**** Extracted records ****
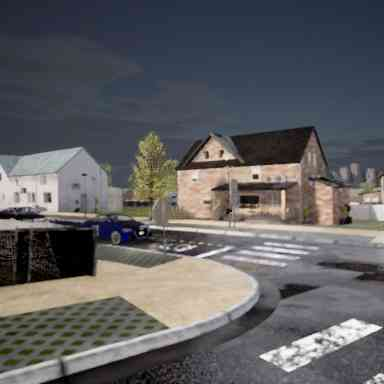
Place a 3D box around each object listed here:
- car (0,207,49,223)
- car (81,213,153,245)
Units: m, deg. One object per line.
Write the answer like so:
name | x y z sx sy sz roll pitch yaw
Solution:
car | -12.144 1.826 23.752 4.902 1.511 2.128 0 1 38
car | -4.046 1.850 17.569 4.181 1.385 1.994 0 1 38
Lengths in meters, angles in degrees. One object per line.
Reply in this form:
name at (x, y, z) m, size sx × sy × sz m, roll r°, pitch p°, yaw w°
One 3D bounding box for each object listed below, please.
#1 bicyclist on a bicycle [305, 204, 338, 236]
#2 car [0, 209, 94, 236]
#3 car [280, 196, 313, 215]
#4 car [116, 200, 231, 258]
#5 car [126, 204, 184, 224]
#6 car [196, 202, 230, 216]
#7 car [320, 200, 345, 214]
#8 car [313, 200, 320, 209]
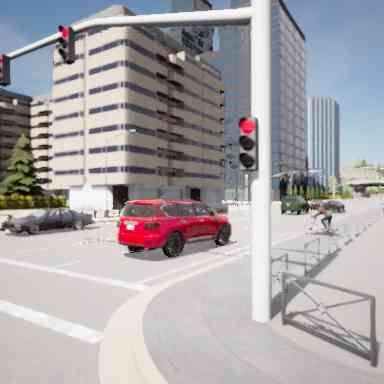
bicyclist on a bicycle at (6.563, 1.435, 16.920) m, size 1.656 × 1.620 × 0.582 m, roll -1°, pitch -1°, yaw 33°
car at (-8.537, 1.725, 20.223) m, size 2.033 × 1.411 × 5.357 m, roll 0°, pitch -1°, yaw 33°
car at (12.054, 1.531, 38.899) m, size 2.150 × 2.045 × 5.566 m, roll 0°, pitch 0°, yaw 33°
car at (-0.521, 1.335, 13.644) m, size 2.150 × 2.045 × 5.566 m, roll -1°, pitch -1°, yaw 37°
car at (-3.074, 1.788, 28.702) m, size 2.033 × 1.411 × 5.357 m, roll 0°, pitch -1°, yaw 33°
car at (2.407, 1.868, 37.170) m, size 1.994 × 1.385 × 4.181 m, roll 0°, pitch -1°, yaw 34°
car at (17.527, 1.823, 40.930) m, size 1.837 × 1.490 × 4.892 m, roll 0°, pitch 0°, yaw 33°
car at (18.893, 1.934, 49.517) m, size 2.033 × 1.411 × 5.357 m, roll 0°, pitch -1°, yaw 33°
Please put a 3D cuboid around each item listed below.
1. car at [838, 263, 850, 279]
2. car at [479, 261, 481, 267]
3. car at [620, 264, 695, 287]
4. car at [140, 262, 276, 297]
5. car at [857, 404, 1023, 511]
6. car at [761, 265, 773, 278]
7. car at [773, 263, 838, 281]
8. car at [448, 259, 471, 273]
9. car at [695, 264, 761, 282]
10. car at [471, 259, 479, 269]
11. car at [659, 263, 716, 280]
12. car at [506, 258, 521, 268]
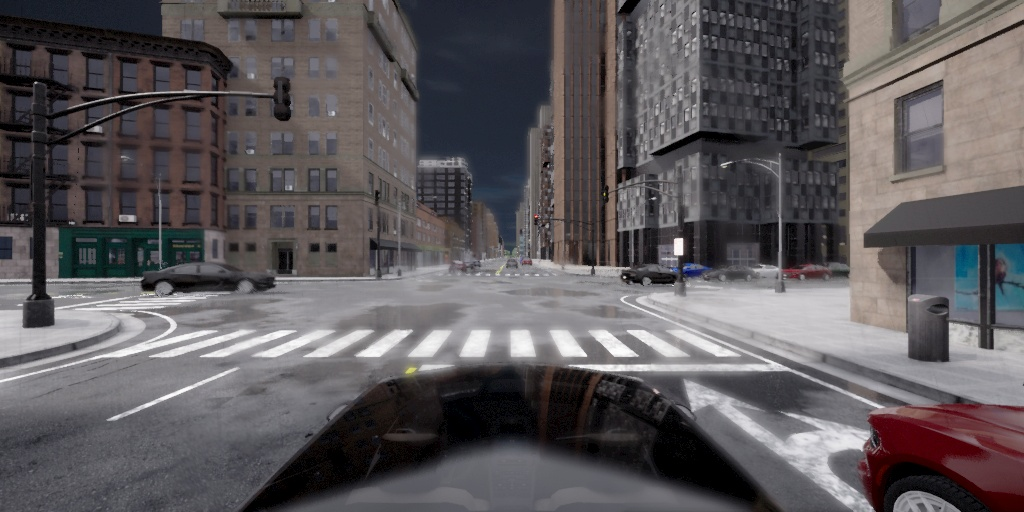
[{"bbox_3d":[35.018,1.572,39.628,4.553,1.767,2.097,1,0,-13],"label":"car"},{"bbox_3d":[-6.673,1.326,64.632,1.994,1.385,4.181,0,0,0],"label":"car"},{"bbox_3d":[10.076,1.350,25.451,5.008,1.535,1.882,1,0,-19],"label":"car"},{"bbox_3d":[-14.157,1.056,17.017,5.008,1.535,1.882,1,0,-18],"label":"car"},{"bbox_3d":[3.353,1.228,0.406,1.882,1.535,5.008,0,0,0],"label":"car"},{"bbox_3d":[26.009,1.640,37.346,4.674,1.442,1.812,1,0,-15],"label":"car"},{"bbox_3d":[28.330,1.594,34.605,5.008,1.535,1.882,1,0,-15],"label":"car"},{"bbox_3d":[-6.672,1.284,44.709,1.812,1.442,4.674,0,0,0],"label":"car"},{"bbox_3d":[19.279,1.515,32.033,4.892,1.490,1.837,1,0,-17],"label":"car"},{"bbox_3d":[-6.683,1.252,54.670,2.128,1.511,4.902,0,0,0],"label":"car"},{"bbox_3d":[17.027,1.487,34.776,5.008,1.535,1.882,1,0,-16],"label":"car"},{"bbox_3d":[-0.004,1.253,60.122,2.128,1.511,4.902,0,0,0],"label":"car"}]
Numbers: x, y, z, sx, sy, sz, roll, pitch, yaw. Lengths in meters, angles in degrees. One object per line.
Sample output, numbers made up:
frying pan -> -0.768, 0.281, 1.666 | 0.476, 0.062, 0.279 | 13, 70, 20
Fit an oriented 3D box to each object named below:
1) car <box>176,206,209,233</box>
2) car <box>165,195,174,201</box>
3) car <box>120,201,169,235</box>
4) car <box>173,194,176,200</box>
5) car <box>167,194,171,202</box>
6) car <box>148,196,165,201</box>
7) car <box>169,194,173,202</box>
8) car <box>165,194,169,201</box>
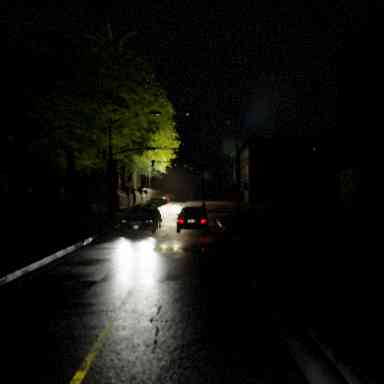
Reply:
car -> 0.030, 1.539, 19.539 | 2.033, 1.411, 5.357 | 0, 0, 0
car -> -5.719, 1.500, 83.206 | 1.967, 1.590, 4.097 | 1, 0, 0
car -> -2.770, 1.483, 19.036 | 2.128, 1.511, 4.902 | 0, 0, 1
car -> -5.675, 1.358, 77.756 | 2.192, 1.841, 5.009 | 1, 0, 0
car -> -5.556, 1.574, 61.405 | 1.947, 1.339, 4.313 | 1, 0, 0
car -> -5.487, 1.546, 48.820 | 2.008, 1.369, 4.403 | 1, 0, 0
car -> -5.639, 1.611, 72.305 | 1.802, 1.307, 4.206 | 1, 0, 0
car -> -5.514, 1.552, 55.955 | 2.008, 1.369, 4.403 | 1, 0, 0
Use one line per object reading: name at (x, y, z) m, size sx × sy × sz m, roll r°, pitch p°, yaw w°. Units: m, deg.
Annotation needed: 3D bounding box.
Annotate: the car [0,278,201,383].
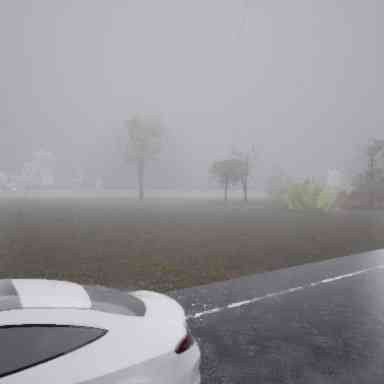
car at (-2.069, 1.525, 2.515) m, size 4.674 × 1.442 × 1.812 m, roll 0°, pitch 0°, yaw -35°
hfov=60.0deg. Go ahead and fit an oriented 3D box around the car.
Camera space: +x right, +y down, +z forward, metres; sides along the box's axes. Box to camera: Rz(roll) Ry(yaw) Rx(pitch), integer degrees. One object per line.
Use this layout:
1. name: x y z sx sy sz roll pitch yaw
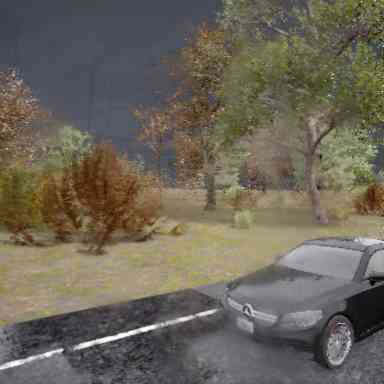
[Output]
1. car: 2.613 1.554 5.857 4.674 1.442 1.812 0 0 -36
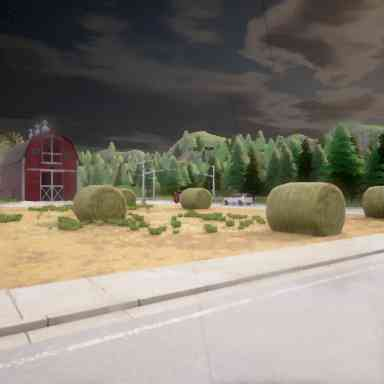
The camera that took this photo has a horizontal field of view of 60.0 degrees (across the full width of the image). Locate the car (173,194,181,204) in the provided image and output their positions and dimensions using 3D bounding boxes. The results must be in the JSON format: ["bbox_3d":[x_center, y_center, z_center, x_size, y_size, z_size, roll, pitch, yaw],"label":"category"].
[{"bbox_3d":[-1.206,1.358,61.631,2.150,2.045,5.566,0,0,-38],"label":"car"}]

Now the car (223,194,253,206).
[{"bbox_3d":[7.700,1.289,55.997,2.150,2.045,5.566,0,0,-38],"label":"car"}]
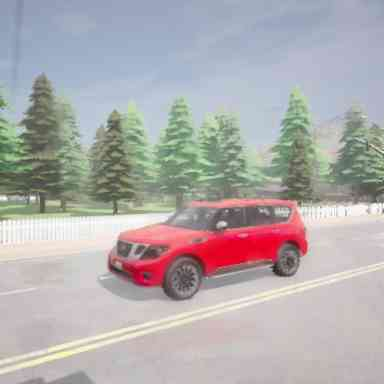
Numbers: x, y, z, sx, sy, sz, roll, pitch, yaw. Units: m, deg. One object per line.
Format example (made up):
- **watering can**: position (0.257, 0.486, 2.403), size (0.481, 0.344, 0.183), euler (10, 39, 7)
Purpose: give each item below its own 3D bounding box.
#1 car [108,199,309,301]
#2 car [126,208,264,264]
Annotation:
- **car**: position (0.695, 1.218, 8.706), size (5.566, 2.045, 2.150), euler (0, 0, -35)
- **car**: position (0.228, 1.485, 12.650), size (4.902, 1.511, 2.128), euler (0, 0, -35)
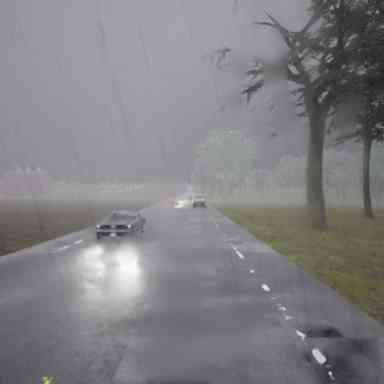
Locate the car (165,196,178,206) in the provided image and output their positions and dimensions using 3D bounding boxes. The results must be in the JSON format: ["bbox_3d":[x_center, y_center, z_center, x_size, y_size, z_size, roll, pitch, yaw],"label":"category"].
[{"bbox_3d":[-3.533,1.496,59.007,2.097,1.767,4.553,0,0,1],"label":"car"}]

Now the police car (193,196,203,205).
[{"bbox_3d":[1.066,1.574,63.746,1.930,1.638,5.238,0,0,0],"label":"police car"}]

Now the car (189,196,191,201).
[{"bbox_3d":[1.064,1.366,57.664,2.150,2.045,5.566,0,0,0],"label":"car"}]

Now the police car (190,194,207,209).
[{"bbox_3d":[1.062,1.554,47.743,1.930,1.638,5.238,0,0,0],"label":"police car"}]

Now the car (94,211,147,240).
[{"bbox_3d":[-3.594,1.665,17.424,1.895,1.301,4.718,0,0,0],"label":"car"}]
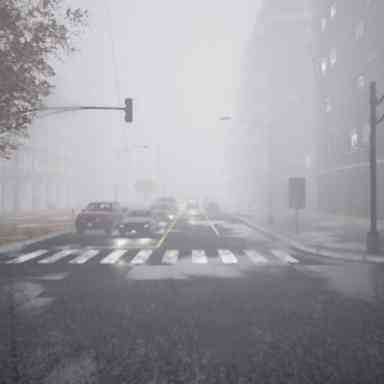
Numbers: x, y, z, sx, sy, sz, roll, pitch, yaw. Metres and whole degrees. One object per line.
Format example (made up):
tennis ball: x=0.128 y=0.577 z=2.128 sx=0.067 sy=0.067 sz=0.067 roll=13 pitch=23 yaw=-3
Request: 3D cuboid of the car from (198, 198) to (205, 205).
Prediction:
car: x=2.365 y=2.274 z=83.357 sx=1.801 sy=1.575 sz=5.366 roll=0 pitch=-1 yaw=0

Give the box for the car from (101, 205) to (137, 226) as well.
car: x=-5.688 y=1.813 z=26.566 sx=1.947 sy=1.339 sz=4.313 roll=0 pitch=-1 yaw=0

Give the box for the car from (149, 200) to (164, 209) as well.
car: x=-5.683 y=2.080 z=54.179 sx=1.947 sy=1.339 sz=4.313 roll=0 pitch=-1 yaw=0

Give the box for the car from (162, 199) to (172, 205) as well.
car: x=-5.679 y=2.293 z=76.269 sx=2.008 sy=1.369 sz=4.403 roll=0 pitch=-1 yaw=0

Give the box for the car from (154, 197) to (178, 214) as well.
car: x=-3.045 y=1.609 z=41.432 sx=2.150 sy=2.045 sz=5.566 roll=0 pitch=-1 yaw=3

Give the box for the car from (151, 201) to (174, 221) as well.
car: x=-3.095 y=1.834 z=30.787 sx=2.033 sy=1.411 sz=5.357 roll=0 pitch=-1 yaw=0

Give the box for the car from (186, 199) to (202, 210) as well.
car: x=0.108 y=2.072 z=50.034 sx=1.895 sy=1.301 sz=4.718 roll=0 pitch=-1 yaw=0

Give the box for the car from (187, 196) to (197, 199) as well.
car: x=0.011 y=1.803 z=60.918 sx=2.150 sy=2.045 sz=5.566 roll=0 pitch=-1 yaw=0

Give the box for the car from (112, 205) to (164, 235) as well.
car: x=-3.098 y=1.736 z=20.335 sx=2.033 sy=1.411 sz=5.357 roll=0 pitch=-1 yaw=0

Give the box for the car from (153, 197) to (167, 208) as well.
car: x=-5.683 y=1.885 z=59.703 sx=2.192 sy=1.841 sz=5.009 roll=0 pitch=-1 yaw=0

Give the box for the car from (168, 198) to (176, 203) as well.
car: x=-5.677 y=2.484 z=92.837 sx=1.947 sy=1.339 sz=4.313 roll=0 pitch=-1 yaw=0

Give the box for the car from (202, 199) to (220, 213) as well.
car: x=2.696 y=1.970 z=43.132 sx=1.947 sy=1.339 sz=4.313 roll=0 pitch=-1 yaw=0

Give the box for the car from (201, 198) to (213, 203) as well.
car: x=2.697 y=1.985 z=48.825 sx=1.752 sy=1.417 sz=4.829 roll=0 pitch=-1 yaw=0

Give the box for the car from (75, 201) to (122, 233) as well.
car: x=-5.689 y=1.510 z=21.045 sx=2.192 sy=1.841 sz=5.009 roll=0 pitch=-1 yaw=0
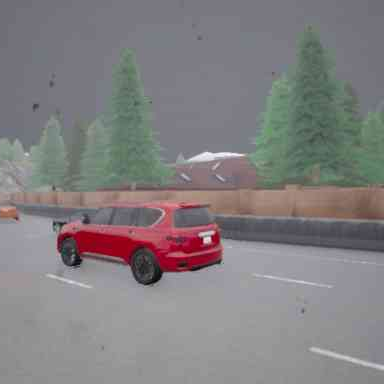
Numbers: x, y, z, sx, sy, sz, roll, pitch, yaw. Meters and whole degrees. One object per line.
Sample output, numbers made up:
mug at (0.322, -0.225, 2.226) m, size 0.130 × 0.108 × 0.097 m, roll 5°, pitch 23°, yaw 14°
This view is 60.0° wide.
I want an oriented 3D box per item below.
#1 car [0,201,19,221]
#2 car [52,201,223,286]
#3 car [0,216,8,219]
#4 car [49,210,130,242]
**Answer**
car at (-16.723, 1.553, 28.894) m, size 2.097 × 1.767 × 4.553 m, roll 0°, pitch 0°, yaw -42°
car at (-1.721, 1.275, 9.839) m, size 5.566 × 2.045 × 2.150 m, roll 0°, pitch 0°, yaw 38°
car at (-7.862, 1.558, 10.433) m, size 5.008 × 1.535 × 1.882 m, roll -1°, pitch 0°, yaw 40°
car at (-5.558, 1.704, 17.692) m, size 4.718 × 1.301 × 1.895 m, roll 0°, pitch 0°, yaw 42°
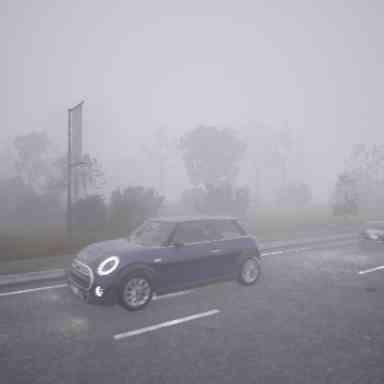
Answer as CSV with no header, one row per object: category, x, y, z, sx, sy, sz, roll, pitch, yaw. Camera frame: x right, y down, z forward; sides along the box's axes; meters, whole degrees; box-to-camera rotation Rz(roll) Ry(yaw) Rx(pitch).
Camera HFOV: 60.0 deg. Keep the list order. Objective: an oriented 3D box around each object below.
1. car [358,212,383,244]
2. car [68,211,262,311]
car,9.431,1.583,15.027,4.902,1.511,2.128,0,0,-35
car,-0.489,1.381,7.945,4.553,1.767,2.097,0,0,-35
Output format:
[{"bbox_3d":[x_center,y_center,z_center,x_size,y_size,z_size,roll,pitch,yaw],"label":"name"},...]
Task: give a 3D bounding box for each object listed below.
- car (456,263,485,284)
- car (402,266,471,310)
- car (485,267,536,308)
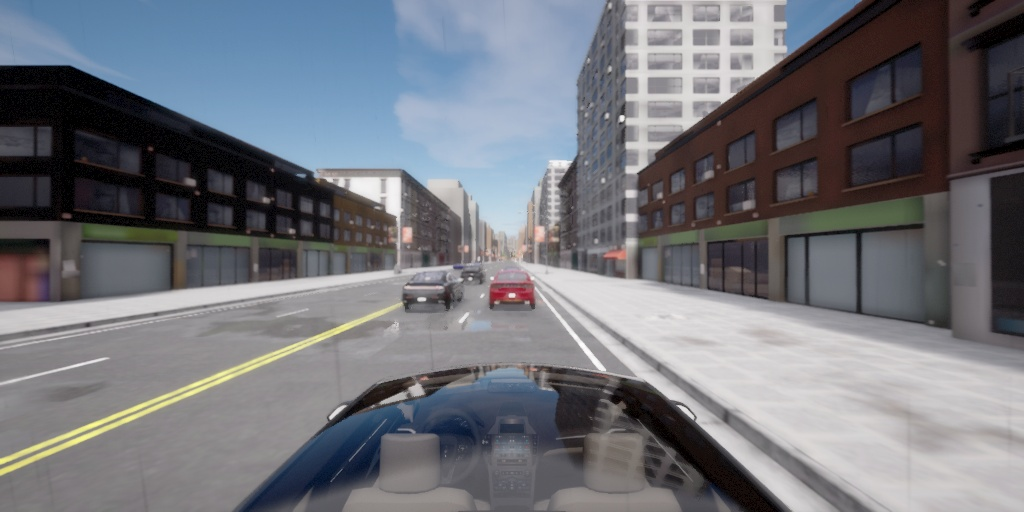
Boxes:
[{"bbox_3d":[-3.234,1.540,30.362,1.837,1.490,4.892,0,0,0],"label":"car"},{"bbox_3d":[-3.234,1.377,15.360,2.128,1.511,4.902,0,0,0],"label":"car"},{"bbox_3d":[0.022,1.369,16.104,1.882,1.535,5.008,0,0,0],"label":"car"}]
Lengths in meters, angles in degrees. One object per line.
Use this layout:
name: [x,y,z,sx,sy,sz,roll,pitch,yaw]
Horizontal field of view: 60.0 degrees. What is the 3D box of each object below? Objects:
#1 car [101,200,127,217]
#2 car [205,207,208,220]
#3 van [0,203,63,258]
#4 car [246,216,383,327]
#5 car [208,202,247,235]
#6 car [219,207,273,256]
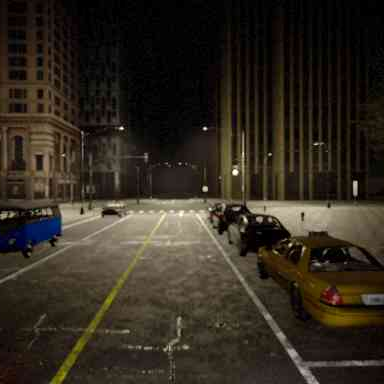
car: [-6.738,1.428,29.111,2.008,1.369,4.403,0,0,-2]
car: [1.977,1.413,23.770,2.008,1.369,4.403,0,0,-2]
van: [-6.154,1.308,12.198,1.690,1.788,3.998,0,0,-2]
car: [2.557,1.475,7.027,1.752,1.417,4.829,0,0,-2]
car: [2.172,1.332,18.132,1.967,1.590,4.097,0,0,-2]
car: [2.368,1.473,12.494,2.008,1.369,4.403,0,0,-2]
****
▸ **What is expected**
In the records above, locate the lines holding the word "cuboid". Copy each of them.

▸ **Solution for this problem**
Please put a 3D cuboid around each item listed below.
Request: 3D cuboid of the car from (198, 198) to (205, 205).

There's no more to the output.